Another possible design - is object reuse pool. Really, it can preallocate many needed objects at the app start & deallocate it only on app stop. Or manage it automatically. Real server application usually tuned on the place for maximum possible connections/speed - so we do not need real retain/dealloc during app life (just only on start/stop).
@weissi What do you think?
@allright Swift unfortunately doesn’t let you choose the allocator. It will always use malloc
. Also from your profile it seems to be the reference counting rather than the allocations, right?
@weissi Yes, I think it is reference counting. So we still can use special factories (objects reuse pools) for lightweight create/free objects, attached to each EventLoop. In these pools object may not really to be deallocated, just reinit before next allocation.
@weissi Yes, I think it is reference counting. So we still can use special factories (objects reuse pools) for lightweight create/free objects, attached to each EventLoop. In these pools object may not really to be deallocated, just reinit before next allocation.
but the reference counting operations are inserted automatically by the Swift compiler. They happen when something is used. Let's say you write this
func someFunction(_ foo: MyClass()) { ... }
let object = MyClass()
someFunction(object)
object.doSomething()
then the Swift compiler might emit code like this:
let object = MyClass() // allocates it with reference count 1
object.retain() // ref count + 1, to pass it to someFunction
someFunction(object)
object.retain() // ref count + 1, for the .doSomething call
object.doSomething()
object.release() // ref count - 1, because we're out of someFunction again
object.release() // ref count - 1, because we're doing with .doSomething
object.release() // ref count - 1, because we no longer need `object`
certain reference counts can be optimised but generally Swift is very noisy with ref counting operations and we can't remove them with object pools.

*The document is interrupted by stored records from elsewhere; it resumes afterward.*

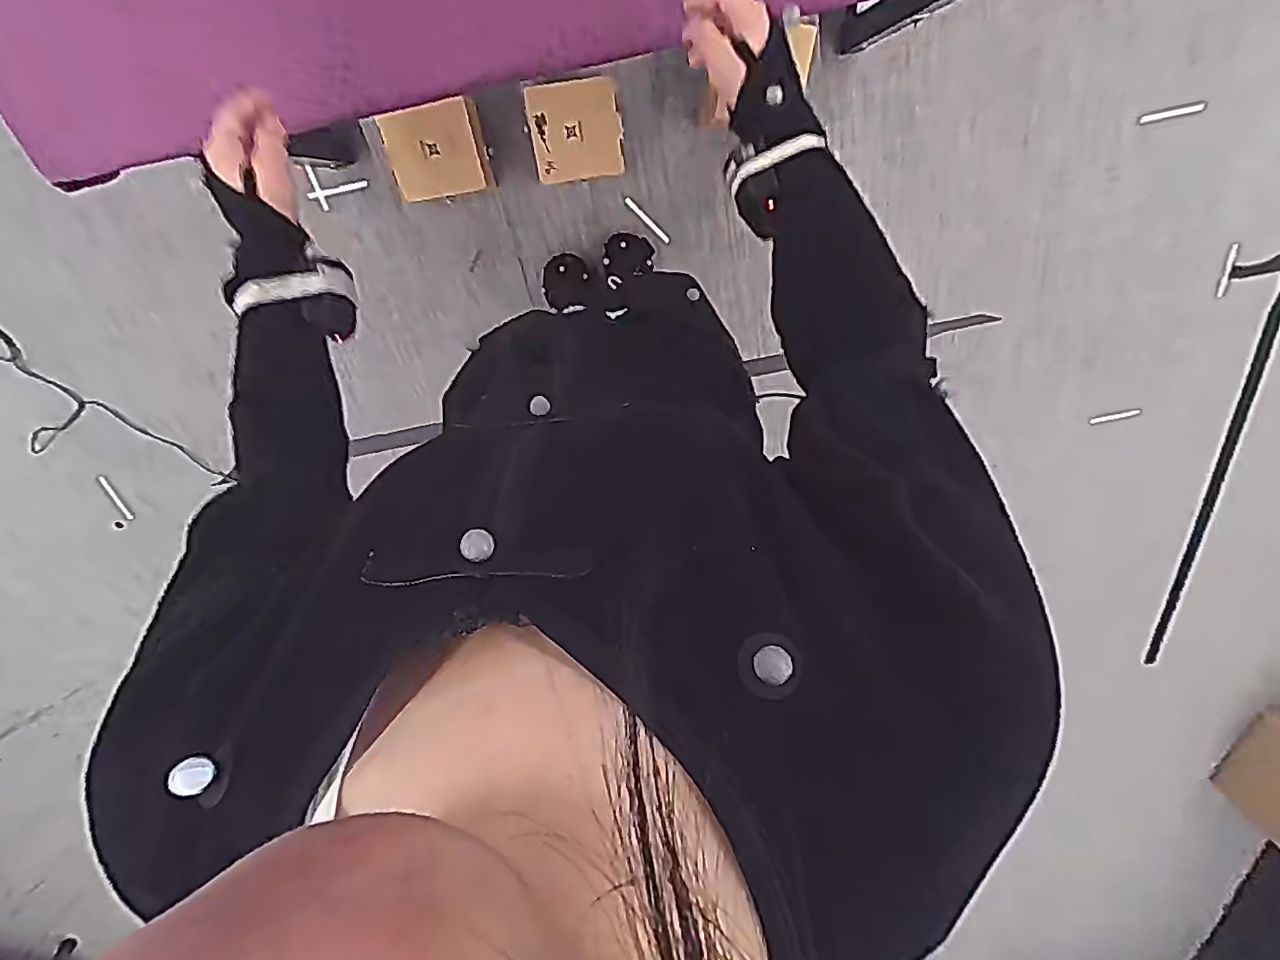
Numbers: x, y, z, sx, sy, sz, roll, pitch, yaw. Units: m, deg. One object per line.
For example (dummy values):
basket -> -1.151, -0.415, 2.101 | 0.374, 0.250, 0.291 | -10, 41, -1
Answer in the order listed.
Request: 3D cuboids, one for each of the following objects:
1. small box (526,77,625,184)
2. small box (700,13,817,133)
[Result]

Yes. Not all. But for example, Channel Handlers may be allocated/deallocated using factory
let chFactory = currentEventLoop().getFactory() // or createFactoryWithCapacity(1000) let channelHandler = chFactory.createChannelHandler() // real allocation here (or get from preallocated)
// use channelHandler
chFactor.release(channelHandler) // ask chFactory that this channelHandler may be reused // no release or retain here! let reusedChannelHandler = chFactory.createChannelHandler() // reinited channel handler
So - use this way for each object like Promise and etc..
@allright sure, you could even implement this today for ChannelHandler
s. The problem is the number of reference count operations will be the same.
Yes, the number of operations is the same, but the moment of operations is not the same. We can make this operations at the app exit, or when no load on event loop. We are able to prioritise operation, and give event loop time to most important tasks (like send/receive messages to already established connections).
Really, how to use swift-nio framework on the big production servers with millions connections? One event loop per 6000 handlers? We have to find out best solution.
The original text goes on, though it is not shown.